The president of the Susan B. Anthony List has rejected House Minority Leader Nancy Pelosi's description of the effort to defund Planned Parenthood as a “war on women,” saying it is really a fight over whether the U.S. government funds an organization dedicated to population control.

“Primary care is not the mission of Planned Parenthood – to achieve a stable population is the mission of Planned Parenthood,” said SBA List President Marjorie Dannenfelser. She spoke to reporters on an April 8 conference call, as legislators prepared for a government shutdown that will come at midnight on Friday unless several budget questions – including Planned Parenthood funding – are resolved.

“Primary health care for women is something that we should be fighting for,” said Dannenfelser, “and it's something that Planned Parenthood cannot claim the mantle of providing.” She said Rep. Pelosi's remarks only served to promote the an image of Planned Parenthood that the organization's own statistics do not support.

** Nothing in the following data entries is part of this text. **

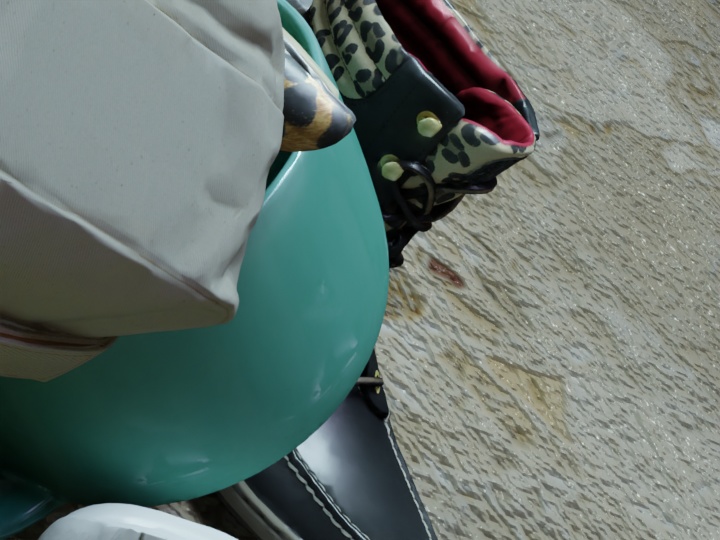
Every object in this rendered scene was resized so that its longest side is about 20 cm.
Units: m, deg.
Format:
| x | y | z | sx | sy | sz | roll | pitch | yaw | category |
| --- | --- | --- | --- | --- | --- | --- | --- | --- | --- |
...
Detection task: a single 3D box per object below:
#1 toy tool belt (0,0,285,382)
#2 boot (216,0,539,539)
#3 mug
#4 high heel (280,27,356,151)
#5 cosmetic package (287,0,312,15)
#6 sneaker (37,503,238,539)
| x | y | z | sx | sy | sz | roll | pitch | yaw | category |
| --- | --- | --- | --- | --- | --- | --- | --- | --- | --- |
| -0.121 | -0.048 | 0.603 | 0.200 | 0.123 | 0.125 | 27 | 71 | -41 | toy tool belt |
| 0.000 | 0.000 | 0.899 | 0.073 | 0.151 | 0.200 | 10 | 43 | -50 | boot |
| -0.082 | 0.005 | 0.813 | 0.152 | 0.185 | 0.115 | 59 | -6 | 46 | mug |
| -0.111 | -0.039 | 0.734 | 0.200 | 0.143 | 0.071 | 26 | -25 | 29 | high heel |
| -0.093 | -0.177 | 1.083 | 0.200 | 0.090 | 0.107 | 56 | 26 | -8 | cosmetic package |
| -0.025 | 0.122 | 0.810 | 0.200 | 0.076 | 0.081 | 35 | 16 | -30 | sneaker |
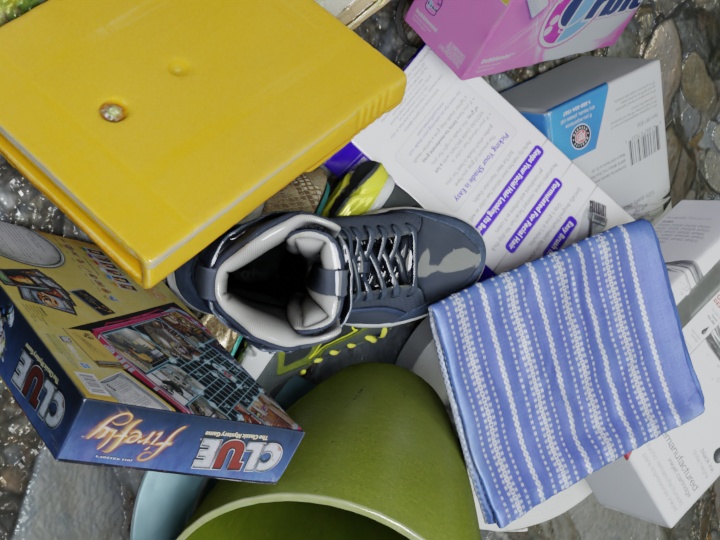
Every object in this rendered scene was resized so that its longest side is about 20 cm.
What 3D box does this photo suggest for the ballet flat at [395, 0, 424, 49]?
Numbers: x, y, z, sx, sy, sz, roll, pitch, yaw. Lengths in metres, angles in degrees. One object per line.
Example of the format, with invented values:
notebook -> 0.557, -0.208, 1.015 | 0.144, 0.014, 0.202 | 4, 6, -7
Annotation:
ballet flat -> 0.110, -0.197, 0.940 | 0.199, 0.046, 0.068 | -14, 108, -41

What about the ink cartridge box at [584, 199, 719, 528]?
ink cartridge box -> 0.234, 0.063, 0.909 | 0.200, 0.083, 0.147 | -41, 110, -20

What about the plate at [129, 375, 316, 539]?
plate -> -0.070, 0.171, 0.862 | 0.199, 0.025, 0.202 | -9, 104, -42

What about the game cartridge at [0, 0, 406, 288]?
game cartridge -> -0.101, -0.103, 0.689 | 0.200, 0.176, 0.033 | -38, 159, -31

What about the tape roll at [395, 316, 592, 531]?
tape roll -> 0.118, 0.105, 0.954 | 0.201, 0.037, 0.205 | -5, 110, -13

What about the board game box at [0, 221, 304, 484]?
board game box -> -0.136, 0.038, 0.653 | 0.135, 0.200, 0.035 | 16, 107, -43

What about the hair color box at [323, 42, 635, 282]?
hair color box -> 0.085, -0.055, 0.874 | 0.200, 0.065, 0.110 | 41, 67, -5

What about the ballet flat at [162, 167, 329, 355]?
ballet flat -> -0.089, 0.003, 0.785 | 0.065, 0.070, 0.201 | 37, 69, -23

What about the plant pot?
plant pot -> -0.003, 0.148, 0.751 | 0.200, 0.185, 0.189 | -67, 145, -58

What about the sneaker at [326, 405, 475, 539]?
sneaker -> 0.033, 0.169, 0.891 | 0.199, 0.075, 0.082 | -32, 130, -18

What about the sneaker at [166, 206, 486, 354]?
sneaker -> 0.000, 0.002, 0.705 | 0.200, 0.146, 0.078 | -5, 93, -18

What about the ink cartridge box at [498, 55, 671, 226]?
ink cartridge box -> 0.179, -0.057, 1.006 | 0.144, 0.084, 0.202 | -27, 116, -35

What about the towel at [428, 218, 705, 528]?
towel -> 0.138, 0.060, 0.786 | 0.199, 0.024, 0.146 | -20, 98, -34

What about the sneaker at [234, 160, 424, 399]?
sneaker -> -0.019, 0.029, 0.807 | 0.084, 0.074, 0.201 | 34, 92, -13

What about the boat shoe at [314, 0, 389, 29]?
boat shoe -> 0.020, -0.219, 0.824 | 0.199, 0.074, 0.067 | -35, 135, -7

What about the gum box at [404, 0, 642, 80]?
gum box -> 0.137, -0.208, 0.852 | 0.199, 0.066, 0.114 | -21, 152, -44

“They have done a great job, with their large budget, of convincing folks that they are a primary health provider for women. However, in their own documents they have acknowledged that they have only provided primary care to 19,700 of their 3 million unduplicated clients.” She said Planned Parenthood's health care numbers have been “trending downward,” while abortion services were “ratcheting up.”

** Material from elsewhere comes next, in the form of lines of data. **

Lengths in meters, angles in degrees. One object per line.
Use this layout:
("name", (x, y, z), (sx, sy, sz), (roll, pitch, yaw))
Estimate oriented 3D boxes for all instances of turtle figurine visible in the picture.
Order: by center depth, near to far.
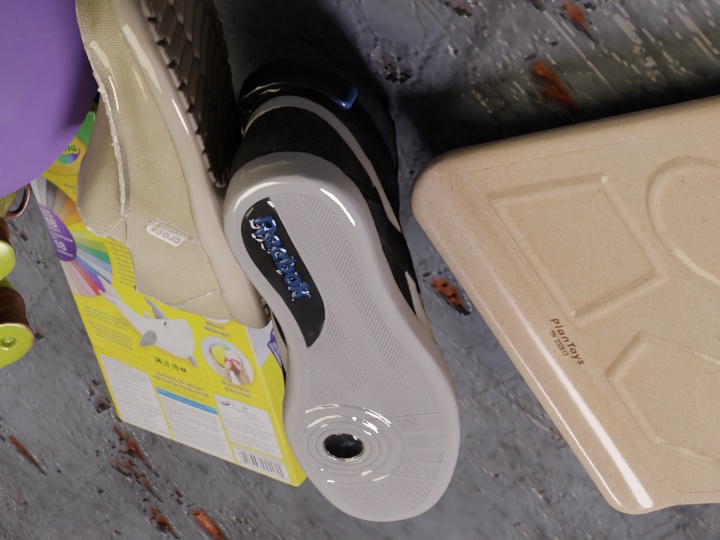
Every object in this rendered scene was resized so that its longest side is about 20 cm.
("turtle figurine", (-0.183, -0.030, 1.216), (0.161, 0.064, 0.200), (-109, 24, -44))

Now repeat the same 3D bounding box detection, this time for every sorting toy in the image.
("sorting toy", (0.137, 0.013, 1.010), (0.200, 0.036, 0.185), (-12, 120, 46))

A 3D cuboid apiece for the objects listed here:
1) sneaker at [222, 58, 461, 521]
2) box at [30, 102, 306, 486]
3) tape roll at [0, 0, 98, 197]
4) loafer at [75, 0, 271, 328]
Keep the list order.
("sneaker", (0.000, 0.000, 1.068), (0.073, 0.112, 0.200), (-6, 132, 11))
("box", (-0.083, 0.001, 1.204), (0.117, 0.048, 0.200), (18, 142, 32))
("tape roll", (-0.203, -0.118, 1.074), (0.200, 0.085, 0.201), (8, 104, 33))
("loafer", (-0.082, -0.046, 1.043), (0.068, 0.076, 0.200), (-5, 136, 11))
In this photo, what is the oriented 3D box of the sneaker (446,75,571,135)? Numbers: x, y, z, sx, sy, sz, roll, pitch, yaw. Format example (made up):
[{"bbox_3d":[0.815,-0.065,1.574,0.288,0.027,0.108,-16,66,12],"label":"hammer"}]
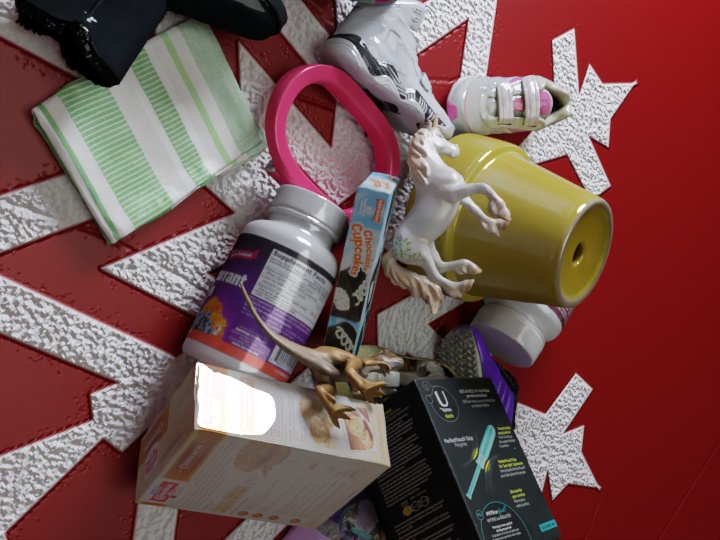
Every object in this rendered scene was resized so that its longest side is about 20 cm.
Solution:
[{"bbox_3d":[0.196,-0.217,1.011,0.200,0.088,0.081,-17,105,-35],"label":"sneaker"}]

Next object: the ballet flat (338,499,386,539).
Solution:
[{"bbox_3d":[0.061,0.305,0.950,0.200,0.072,0.072,6,92,-49],"label":"ballet flat"}]

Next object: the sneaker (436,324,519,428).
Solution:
[{"bbox_3d":[0.167,0.150,1.054,0.099,0.070,0.200,-32,118,-38],"label":"sneaker"}]

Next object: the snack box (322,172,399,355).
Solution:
[{"bbox_3d":[0.000,0.000,0.849,0.037,0.116,0.200,14,106,4],"label":"snack box"}]

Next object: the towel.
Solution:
[{"bbox_3d":[-0.196,-0.138,0.762,0.200,0.023,0.153,-39,116,-27],"label":"towel"}]

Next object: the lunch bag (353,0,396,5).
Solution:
[{"bbox_3d":[-0.012,-0.383,0.812,0.160,0.077,0.200,6,82,-22],"label":"lunch bag"}]

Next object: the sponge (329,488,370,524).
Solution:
[{"bbox_3d":[-0.031,0.234,0.930,0.200,0.030,0.112,38,73,-34],"label":"sponge"}]

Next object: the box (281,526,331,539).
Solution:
[{"bbox_3d":[-0.046,0.425,0.901,0.176,0.097,0.200,-51,123,-21],"label":"box"}]

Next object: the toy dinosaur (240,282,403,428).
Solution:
[{"bbox_3d":[-0.034,0.091,0.752,0.200,0.106,0.060,24,108,-41],"label":"toy dinosaur"}]

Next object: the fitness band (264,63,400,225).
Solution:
[{"bbox_3d":[-0.030,-0.135,0.872,0.200,0.037,0.144,43,67,-40],"label":"fitness band"}]

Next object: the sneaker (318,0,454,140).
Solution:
[{"bbox_3d":[0.052,-0.238,0.906,0.200,0.075,0.115,32,78,-33],"label":"sneaker"}]

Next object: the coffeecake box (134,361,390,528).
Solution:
[{"bbox_3d":[-0.097,0.179,0.770,0.200,0.154,0.073,18,44,-27],"label":"coffeecake box"}]

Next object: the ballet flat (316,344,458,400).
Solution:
[{"bbox_3d":[0.041,0.130,0.950,0.200,0.071,0.071,10,89,-37],"label":"ballet flat"}]

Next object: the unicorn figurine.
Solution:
[{"bbox_3d":[0.087,-0.065,0.833,0.200,0.137,0.074,-58,170,-5],"label":"unicorn figurine"}]

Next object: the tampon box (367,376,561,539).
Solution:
[{"bbox_3d":[0.102,0.238,0.890,0.150,0.126,0.200,8,52,-46],"label":"tampon box"}]

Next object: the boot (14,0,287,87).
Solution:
[{"bbox_3d":[-0.186,-0.230,0.716,0.200,0.076,0.168,34,72,-22],"label":"boot"}]

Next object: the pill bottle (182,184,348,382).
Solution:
[{"bbox_3d":[-0.090,0.018,0.807,0.111,0.111,0.200,35,74,-35],"label":"pill bottle"}]

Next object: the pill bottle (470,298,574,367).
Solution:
[{"bbox_3d":[0.237,0.023,1.057,0.114,0.114,0.200,49,67,-31],"label":"pill bottle"}]

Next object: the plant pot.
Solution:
[{"bbox_3d":[0.182,-0.046,0.928,0.201,0.189,0.201,-25,125,-41],"label":"plant pot"}]
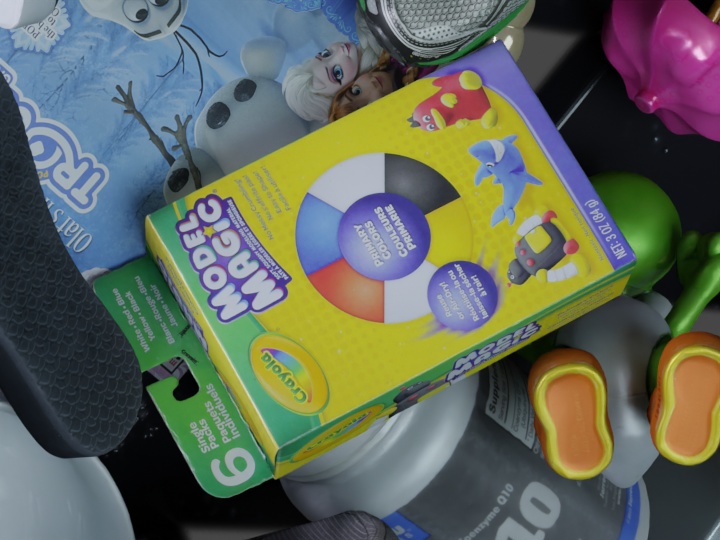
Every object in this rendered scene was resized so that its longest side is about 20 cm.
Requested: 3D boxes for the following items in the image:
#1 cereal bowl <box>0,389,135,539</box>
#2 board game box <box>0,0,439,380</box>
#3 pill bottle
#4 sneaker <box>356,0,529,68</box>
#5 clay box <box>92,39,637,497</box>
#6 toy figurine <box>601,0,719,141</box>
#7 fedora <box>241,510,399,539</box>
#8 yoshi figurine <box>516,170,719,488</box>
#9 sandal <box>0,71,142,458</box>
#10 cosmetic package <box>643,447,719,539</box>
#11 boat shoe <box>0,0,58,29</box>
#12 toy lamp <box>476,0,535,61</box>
[{"bbox_3d":[-0.197,0.131,1.119,0.199,0.083,0.201,-13,115,-28],"label":"cereal bowl"},{"bbox_3d":[-0.086,-0.085,1.122,0.199,0.043,0.200,-50,126,-3],"label":"board game box"},{"bbox_3d":[0.033,0.084,1.223,0.200,0.114,0.114,38,88,-36],"label":"pill bottle"},{"bbox_3d":[0.076,-0.166,1.114,0.078,0.085,0.200,45,84,-12],"label":"sneaker"},{"bbox_3d":[0.000,0.000,1.108,0.199,0.115,0.048,-27,165,-15],"label":"clay box"},{"bbox_3d":[0.192,-0.146,1.242,0.200,0.150,0.185,1,126,-58],"label":"toy figurine"},{"bbox_3d":[-0.033,0.153,1.134,0.176,0.200,0.091,-9,88,-6],"label":"fedora"},{"bbox_3d":[0.113,0.014,1.203,0.112,0.200,0.112,40,103,-11],"label":"yoshi figurine"},{"bbox_3d":[-0.152,-0.008,1.051,0.076,0.043,0.201,-50,126,-45],"label":"sandal"},{"bbox_3d":[0.153,0.188,1.367,0.101,0.071,0.201,36,88,-37],"label":"cosmetic package"},{"bbox_3d":[-0.126,-0.195,1.021,0.067,0.072,0.202,-11,95,-29],"label":"boat shoe"},{"bbox_3d":[0.060,-0.098,1.202,0.058,0.058,0.201,7,108,-33],"label":"toy lamp"}]

During the same period, Dannenfelser noted, Planned Parenthood's funding had been increasing as well, reaching $363 million last year. “Funding is up, abortion is up, and primary services are down.”

Speaking to CNA later that day, Dannenfelser gave her further response to Senator Pelosi's charge, made in an April 7 speech to the Feminist Majority Foundation, that the effort to take away Planned Parenthood's federal money was part of a “war on women” and their health.

Dannenfelser said Pelosi was forced to use such terms in order to gloss over the reality of almost $400 million dollars of funding for a population control organization. She wondered whether the congresswoman would be willing to come out in favor of Planned Parenthood's “own stated mission” of controlling population growth.

“That's not a popular thing to say anymore,” she observed. “What's way more popular is to say 'We care about women's health.'”

“Achieving a stable population is not what they're communicating – these are not the terms they have used in this debate. And yet, that is what their own stated mission is.”

Amid the fight over whether to fund Planned Parenthood in the next federal budget, SBA List has been drawing attention to how the organization uses its resources. SBA List's current advertizing campaign, running on stations in Washington, D.C., features testimony from former Planned Parenthood clinic director Abby Johnson.

Johnson says Planned Parenthood's “bottom line” is driven by an “abortion quota,” because other services are not profitable enough to support its nationwide network of 785 clinics.

“You do have to perform so many abortions on women every month – and that is how they come up with their budget,” Johnson explains in the ad. “Ninety-eight percent of Planned Parenthood's services to pregnant women are abortion services. There is only money for Planned Parenthood in abortion.”

Planned Parenthood is technically barred from using its federal funding directly for abortions. But Congressman Jim Jordan (R--Ohio), who joined Dannenfelser in the April 8 conference, said the breakdown of Planned Parenthood's budget and other numbers clearly show that taxpayers are helping the group meet its “abortion quota.”

“Money is fungible,” said Rep. Jordan, noting out that government funding of Planned Parenthood's other services allowed the organization to concentrate on promoting its most profitable enterprise, abortion.

“It's just common sense. We think that taxpayers understand this, and that they don't want their dollar to be used in this manner – particularly at a point in history when the country's broke.”